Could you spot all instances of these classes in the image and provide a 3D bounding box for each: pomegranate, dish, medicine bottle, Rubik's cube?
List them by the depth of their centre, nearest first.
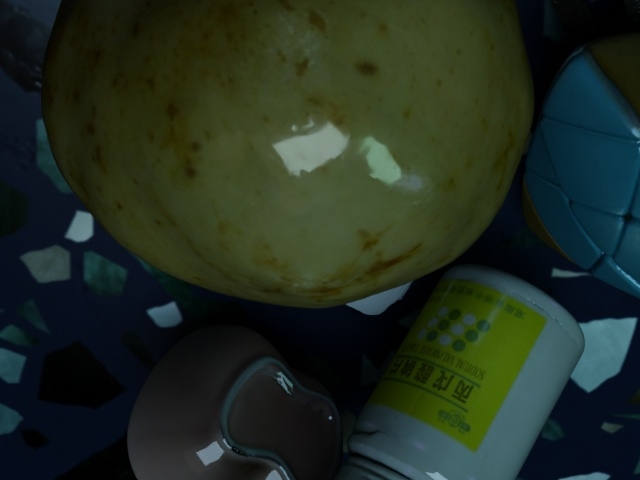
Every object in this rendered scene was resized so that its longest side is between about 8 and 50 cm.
[{"bbox_3d":[-0.029,-0.124,0.719,0.342,0.342,0.342,-2,120,-3],"label":"pomegranate"},{"bbox_3d":[0.227,-0.061,0.857,0.254,0.254,0.254,-2,120,-3],"label":"Rubik's cube"},{"bbox_3d":[0.109,0.159,0.935,0.143,0.143,0.258,39,72,-23],"label":"medicine bottle"},{"bbox_3d":[-0.054,0.172,0.958,0.213,0.213,0.090,42,139,-24],"label":"dish"}]

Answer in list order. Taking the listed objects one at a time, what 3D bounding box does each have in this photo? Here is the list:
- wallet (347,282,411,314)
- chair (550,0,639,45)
[{"bbox_3d":[0.000,0.000,0.966,0.190,0.033,0.095,27,117,-18],"label":"wallet"},{"bbox_3d":[0.251,-0.231,0.821,0.174,0.149,0.213,-28,160,9],"label":"chair"}]

........

Look through the entries and return every line where "each" appears.

Could you spot all instances of these classes in the image and provide a 3D bounding box for each: pomegranate, dish, medicine bottle, Rubik's cube?
Answer in list order. Taking the listed objects one at a time, what 3D bounding box does each have in this photo? Here is the list:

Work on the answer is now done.